Fifth, the theory promoted in recent years by the Tajik state and its propagandists, of the affiliation of the banned Islamic Renaissance Party of Tajikistan (IRPT) to the “Islamic State”, must now be seen as completely discredited. The brutal murder of two incarcerated IRPT functionaries by partisans of the “Caliphate” at the Vahdat jail shows that the IRPT is seen by IS devotees as one of their key adversaries. And this means that the charges of alleged cooperation with IS directed by representatives of the ruling regime against the leader of the IRPT, Muhiddin Kabiri, and his supporters are nothing but lies, pure and simple. The ban placed on this party in the country is thus merely an expression of the desire of President Emomali Rahmon and his associates to consolidate their own power.

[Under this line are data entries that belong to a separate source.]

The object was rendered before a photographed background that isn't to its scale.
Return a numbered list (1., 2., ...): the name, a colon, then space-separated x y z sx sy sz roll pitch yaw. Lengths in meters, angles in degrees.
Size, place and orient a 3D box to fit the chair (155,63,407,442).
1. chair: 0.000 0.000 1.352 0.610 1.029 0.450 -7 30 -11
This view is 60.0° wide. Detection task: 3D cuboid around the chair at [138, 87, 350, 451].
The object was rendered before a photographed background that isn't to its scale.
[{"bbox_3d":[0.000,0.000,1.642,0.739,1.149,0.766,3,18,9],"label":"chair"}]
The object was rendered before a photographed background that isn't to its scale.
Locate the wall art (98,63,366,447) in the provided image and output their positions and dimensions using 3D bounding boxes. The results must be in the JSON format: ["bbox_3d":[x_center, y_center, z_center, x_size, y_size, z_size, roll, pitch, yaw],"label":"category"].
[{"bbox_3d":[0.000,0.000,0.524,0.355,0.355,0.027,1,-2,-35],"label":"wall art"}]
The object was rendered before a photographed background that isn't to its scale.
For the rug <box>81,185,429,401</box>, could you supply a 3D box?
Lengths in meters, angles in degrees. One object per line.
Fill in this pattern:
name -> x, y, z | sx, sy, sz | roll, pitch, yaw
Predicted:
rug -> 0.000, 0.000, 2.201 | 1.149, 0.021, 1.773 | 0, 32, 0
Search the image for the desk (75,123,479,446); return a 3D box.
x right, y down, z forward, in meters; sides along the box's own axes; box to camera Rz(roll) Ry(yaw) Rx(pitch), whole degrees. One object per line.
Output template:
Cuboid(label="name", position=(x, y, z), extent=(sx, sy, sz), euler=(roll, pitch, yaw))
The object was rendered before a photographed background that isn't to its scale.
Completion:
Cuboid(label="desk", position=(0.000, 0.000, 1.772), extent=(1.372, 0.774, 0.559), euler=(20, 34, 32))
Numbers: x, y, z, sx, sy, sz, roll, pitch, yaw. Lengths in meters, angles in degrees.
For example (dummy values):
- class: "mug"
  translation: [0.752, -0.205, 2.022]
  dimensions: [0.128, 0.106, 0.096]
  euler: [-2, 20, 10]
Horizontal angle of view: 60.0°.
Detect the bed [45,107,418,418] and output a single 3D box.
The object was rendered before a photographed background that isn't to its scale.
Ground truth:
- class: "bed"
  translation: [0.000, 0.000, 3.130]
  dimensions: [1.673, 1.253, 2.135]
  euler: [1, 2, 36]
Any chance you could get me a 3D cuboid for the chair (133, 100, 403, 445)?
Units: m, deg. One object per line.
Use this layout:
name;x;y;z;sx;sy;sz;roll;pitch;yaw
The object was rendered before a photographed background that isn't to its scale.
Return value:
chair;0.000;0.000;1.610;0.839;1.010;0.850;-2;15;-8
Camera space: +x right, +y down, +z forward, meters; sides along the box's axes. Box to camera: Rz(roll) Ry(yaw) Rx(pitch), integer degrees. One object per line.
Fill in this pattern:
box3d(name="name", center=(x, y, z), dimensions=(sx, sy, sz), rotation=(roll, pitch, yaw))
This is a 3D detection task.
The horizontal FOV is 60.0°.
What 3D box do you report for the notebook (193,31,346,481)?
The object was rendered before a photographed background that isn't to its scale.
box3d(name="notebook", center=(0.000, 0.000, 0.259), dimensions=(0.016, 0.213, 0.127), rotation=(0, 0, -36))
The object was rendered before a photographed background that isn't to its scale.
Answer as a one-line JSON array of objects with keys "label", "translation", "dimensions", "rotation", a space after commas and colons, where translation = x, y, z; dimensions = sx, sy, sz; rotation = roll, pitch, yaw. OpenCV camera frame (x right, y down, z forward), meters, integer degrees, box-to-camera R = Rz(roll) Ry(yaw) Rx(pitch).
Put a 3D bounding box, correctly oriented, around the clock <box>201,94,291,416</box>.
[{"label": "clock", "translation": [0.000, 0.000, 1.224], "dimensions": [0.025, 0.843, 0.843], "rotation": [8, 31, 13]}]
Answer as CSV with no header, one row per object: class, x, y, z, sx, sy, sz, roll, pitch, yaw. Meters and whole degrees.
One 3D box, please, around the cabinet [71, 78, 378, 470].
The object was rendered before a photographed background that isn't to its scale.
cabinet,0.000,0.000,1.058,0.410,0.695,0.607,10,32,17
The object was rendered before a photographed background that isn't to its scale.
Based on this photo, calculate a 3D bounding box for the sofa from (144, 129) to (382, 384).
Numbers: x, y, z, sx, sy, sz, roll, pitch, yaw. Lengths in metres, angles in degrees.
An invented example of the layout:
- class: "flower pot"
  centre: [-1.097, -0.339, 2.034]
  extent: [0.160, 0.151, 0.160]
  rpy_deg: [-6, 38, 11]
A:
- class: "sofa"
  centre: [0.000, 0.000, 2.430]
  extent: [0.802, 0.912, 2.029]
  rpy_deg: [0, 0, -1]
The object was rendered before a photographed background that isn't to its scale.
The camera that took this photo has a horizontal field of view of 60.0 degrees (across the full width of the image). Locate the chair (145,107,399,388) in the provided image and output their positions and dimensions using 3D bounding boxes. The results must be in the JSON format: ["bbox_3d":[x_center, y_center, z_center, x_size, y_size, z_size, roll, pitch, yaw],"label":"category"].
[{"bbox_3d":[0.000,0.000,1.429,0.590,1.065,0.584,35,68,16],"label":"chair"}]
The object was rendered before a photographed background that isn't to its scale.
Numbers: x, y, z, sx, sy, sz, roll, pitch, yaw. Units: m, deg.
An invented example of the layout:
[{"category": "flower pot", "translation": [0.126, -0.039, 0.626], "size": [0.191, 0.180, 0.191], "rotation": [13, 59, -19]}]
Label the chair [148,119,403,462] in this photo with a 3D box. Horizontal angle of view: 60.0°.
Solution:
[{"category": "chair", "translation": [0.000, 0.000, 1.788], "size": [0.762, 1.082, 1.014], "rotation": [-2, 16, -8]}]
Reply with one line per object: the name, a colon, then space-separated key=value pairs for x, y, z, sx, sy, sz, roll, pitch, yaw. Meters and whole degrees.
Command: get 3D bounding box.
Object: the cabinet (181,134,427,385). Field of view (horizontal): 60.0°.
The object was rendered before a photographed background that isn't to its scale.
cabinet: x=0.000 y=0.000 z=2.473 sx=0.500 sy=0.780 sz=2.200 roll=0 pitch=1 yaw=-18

It is not yet clear what role was played in the Vahdat riot by Behruz Gulmurod and Fahriddin Gulov – son and nephew, respectively, of former OMON commander Gulmurod Khalimov, who left the country to fight for the “Caliphate” in Iraq. Although these individuals were also incarcerated for IS sympathies, it is entirely possible that they were not the real leaders of the May 19th riot. That they died in the course of the revolt’s suppression is no real cause for relief for state powers or the public: it seems unlikely that Khalimov’s still young, 20-year-old son himself carried out the beheading of the unfortunate inmates accused of Shiism and Sufism and the representative of the IRPT. And the death of Gulmurod Khalimov’s relatives does nothing to solve the problem of the radicalisation of the prison population in the country.

There have now been two large-scale prison riots in Tajikistan in the space of the last seven months (November 2018 in Khujand and May 2019 in Vahdat). The initial impetus for the riots was provided by widespread mistreatment on the part of prison authorities, rendering life unbearable for detainees. The uprisings’ “agenda”, however, was quickly radicalised by the efforts of the “jihadist group” among the inmates. In both cases, attempts to take control of the mass acts of insubordination have been made – not without success – by inmates loyal to the “Islamic State”.

Although state authorities have thus far been able to put down the prison riots and prevent them from spreading beyond the jail perimeters, this does not mean that such a “jihadi uprising” in the future won’t meet with success, and that the jihadists’ occupation of the jail or jails they manage to seize won’t be the starting point for more significant political convulsions in Tajikistan.